When I originally tested with a 9 volt battery in the shop, it was an old 9 volt battery that was down around 7 volts. Do you know what the voltage rating for the ATtiny85 is? Well, it’s 2.7 V ~ 5.5 V. Yeah, I was trying to feed it too much voltage!

At this point I had soldered on the battery connectors and was staring at a dozen brand new 9 volt batteries. The board didn’t have room for a LM7805 voltage regulator and I didn’t have time to get new boards made. I ended up taking the 9 volt batteries and shorting them with jumper wires until the voltage dropped to about 7 volts, at which point they worked fine. Yeah, I just wasted lots of electricity to get them working properly. NBD.

Below is an example of what they sounded like.

The idea was to make a bunch of these, and put them in a space, and then interact with the space and experience the sound coming from different directions.

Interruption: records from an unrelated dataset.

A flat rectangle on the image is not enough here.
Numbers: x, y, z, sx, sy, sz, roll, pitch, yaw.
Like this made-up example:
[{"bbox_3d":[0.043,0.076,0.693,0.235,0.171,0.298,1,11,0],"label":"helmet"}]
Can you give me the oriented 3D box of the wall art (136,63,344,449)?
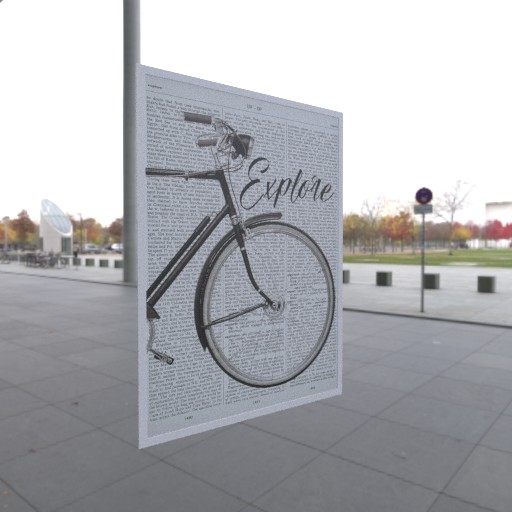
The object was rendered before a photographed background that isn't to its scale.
[{"bbox_3d":[0.000,0.000,0.831,0.457,0.610,0.003,-1,2,-35],"label":"wall art"}]
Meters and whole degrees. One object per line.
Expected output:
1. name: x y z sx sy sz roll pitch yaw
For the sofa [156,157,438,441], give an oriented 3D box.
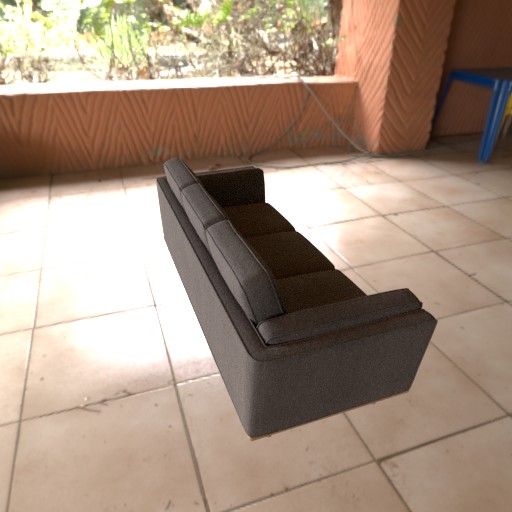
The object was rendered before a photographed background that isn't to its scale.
1. sofa: 0.000 0.000 2.897 0.903 0.899 2.362 -10 30 -18
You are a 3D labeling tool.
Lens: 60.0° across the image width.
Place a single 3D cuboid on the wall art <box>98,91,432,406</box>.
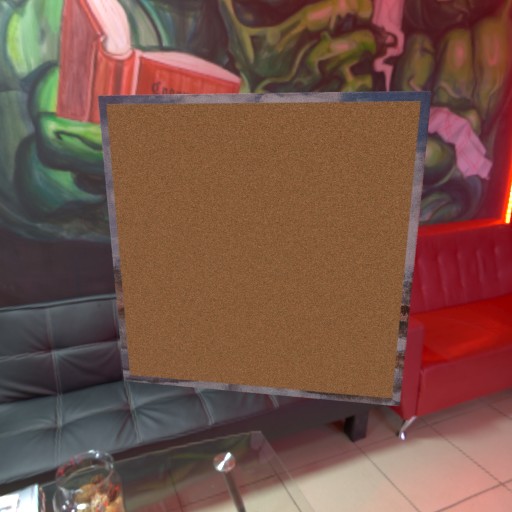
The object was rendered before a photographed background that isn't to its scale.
[{"bbox_3d":[0.000,0.000,1.481,1.010,1.020,0.040,3,16,9],"label":"wall art"}]
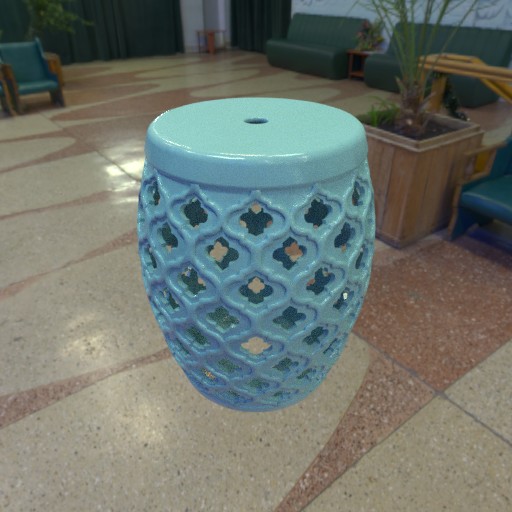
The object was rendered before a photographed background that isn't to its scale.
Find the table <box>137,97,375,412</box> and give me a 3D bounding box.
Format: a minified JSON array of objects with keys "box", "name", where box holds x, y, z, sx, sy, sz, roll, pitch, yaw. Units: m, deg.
[{"box":[0.000,0.000,0.640,0.325,0.388,0.325,0,32,0],"name":"table"}]
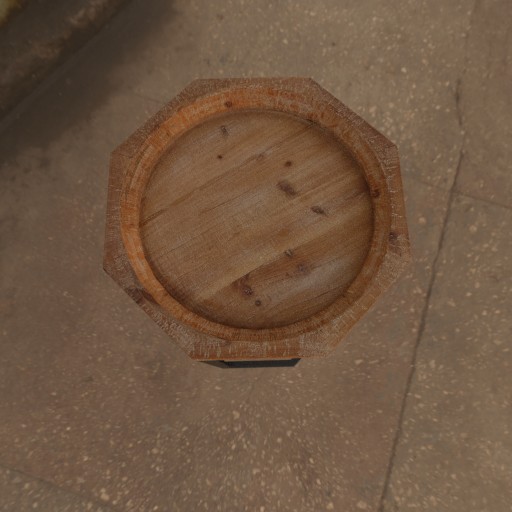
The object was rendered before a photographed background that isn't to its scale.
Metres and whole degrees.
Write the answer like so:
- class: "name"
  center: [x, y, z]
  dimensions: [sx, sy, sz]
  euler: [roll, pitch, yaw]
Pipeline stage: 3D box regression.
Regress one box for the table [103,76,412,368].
- class: "table"
  center: [0.000, 0.000, 0.892]
  dimensions: [0.458, 0.543, 0.458]
  euler: [20, 76, 5]
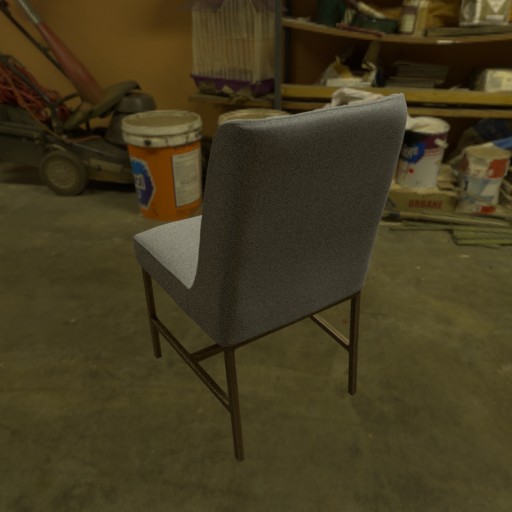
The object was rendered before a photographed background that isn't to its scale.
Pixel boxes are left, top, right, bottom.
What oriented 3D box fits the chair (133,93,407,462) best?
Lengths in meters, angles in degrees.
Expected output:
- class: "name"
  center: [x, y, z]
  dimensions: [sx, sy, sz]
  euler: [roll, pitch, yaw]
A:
- class: "chair"
  center: [0.000, 0.000, 1.226]
  dimensions: [0.508, 0.889, 0.587]
  euler: [-18, 34, -29]
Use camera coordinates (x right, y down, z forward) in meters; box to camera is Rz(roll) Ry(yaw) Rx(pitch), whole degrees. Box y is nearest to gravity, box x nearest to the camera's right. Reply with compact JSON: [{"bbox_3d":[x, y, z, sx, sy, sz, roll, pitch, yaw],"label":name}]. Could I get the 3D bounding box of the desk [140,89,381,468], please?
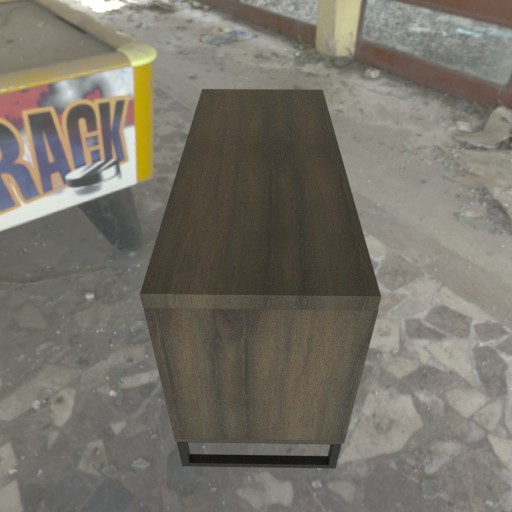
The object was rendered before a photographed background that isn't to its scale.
[{"bbox_3d":[0.000,0.000,1.542,0.511,0.752,1.134,1,40,1],"label":"desk"}]
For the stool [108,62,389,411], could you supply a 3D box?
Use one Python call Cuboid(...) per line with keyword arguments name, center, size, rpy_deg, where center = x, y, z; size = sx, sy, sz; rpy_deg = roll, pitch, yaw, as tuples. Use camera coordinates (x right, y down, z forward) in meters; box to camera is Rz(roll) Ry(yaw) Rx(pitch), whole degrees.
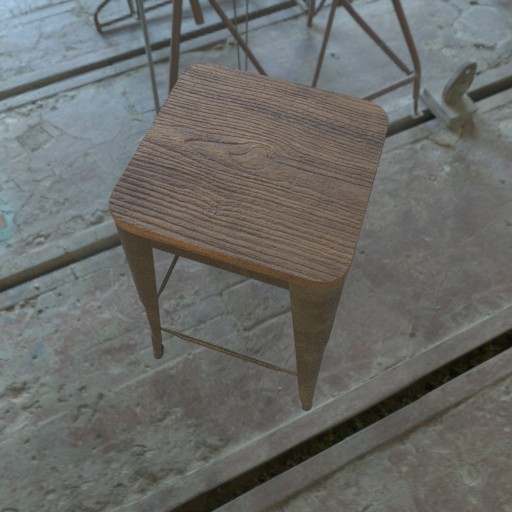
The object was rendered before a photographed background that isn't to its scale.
Cuboid(name="stool", center=(0.000, 0.000, 0.885), size=(0.407, 0.607, 0.407), rpy_deg=(17, 64, 8))
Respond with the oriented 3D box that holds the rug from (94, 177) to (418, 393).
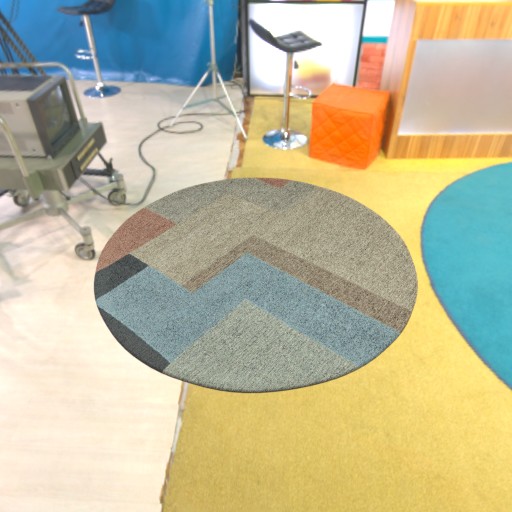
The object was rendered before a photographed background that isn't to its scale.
[{"bbox_3d":[0.000,0.000,3.495,2.461,0.033,2.461,0,39,0],"label":"rug"}]
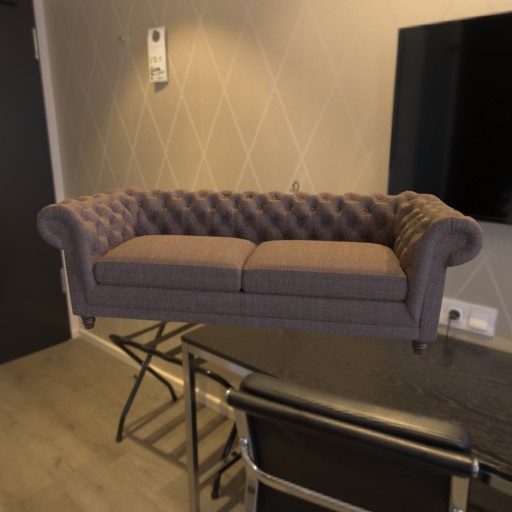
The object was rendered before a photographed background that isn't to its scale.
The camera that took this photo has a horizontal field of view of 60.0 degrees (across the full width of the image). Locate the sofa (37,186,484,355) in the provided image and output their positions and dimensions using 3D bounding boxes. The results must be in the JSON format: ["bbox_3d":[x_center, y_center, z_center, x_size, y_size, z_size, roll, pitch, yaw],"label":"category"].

You can’t really experience it through a video, as you need to be in the space and move through it to participate in the piece.

The code is dead simple, and just does an analogWrite to a PWM pin on the ATtiny to generate some noise.

// ATtinyNoisy

int piezoPin = 0;
int randomPin = 1;
int randomValLow = 0;
int randomValHigh = 255;
int interValLow = 1;
int interValHigh = 3000;

void setup() {
  pinMode(piezoPin, OUTPUT);

void loop() {
  analogWrite(piezoPin, random(randomValLow, randomValHigh));
  delay(random(interValLow, interValHigh));

The Noisy 85s

Each ATtinyNoisy unit was placed in a paper bag, and hung from a piece of monofilament fishing line with a binder clip. (I had plenty of binder clips around!)

Here’s a few more photos from the installation that I did at UWM’s Kenilworth facility during SHiN|DiG on Friday, December 16, 2016. With many of my installations (and work in general) I focus on cheap things, often simply presented. I tend to go with the theory that if you can’t make something large, make a lot of little things.

The Noisy 85s

The Noisy 85s

The Noisy 85s

The Noisy 85s

The Noisy 85s

Big thanks to (former) student Maks for helping with the install and uninstall of this piece.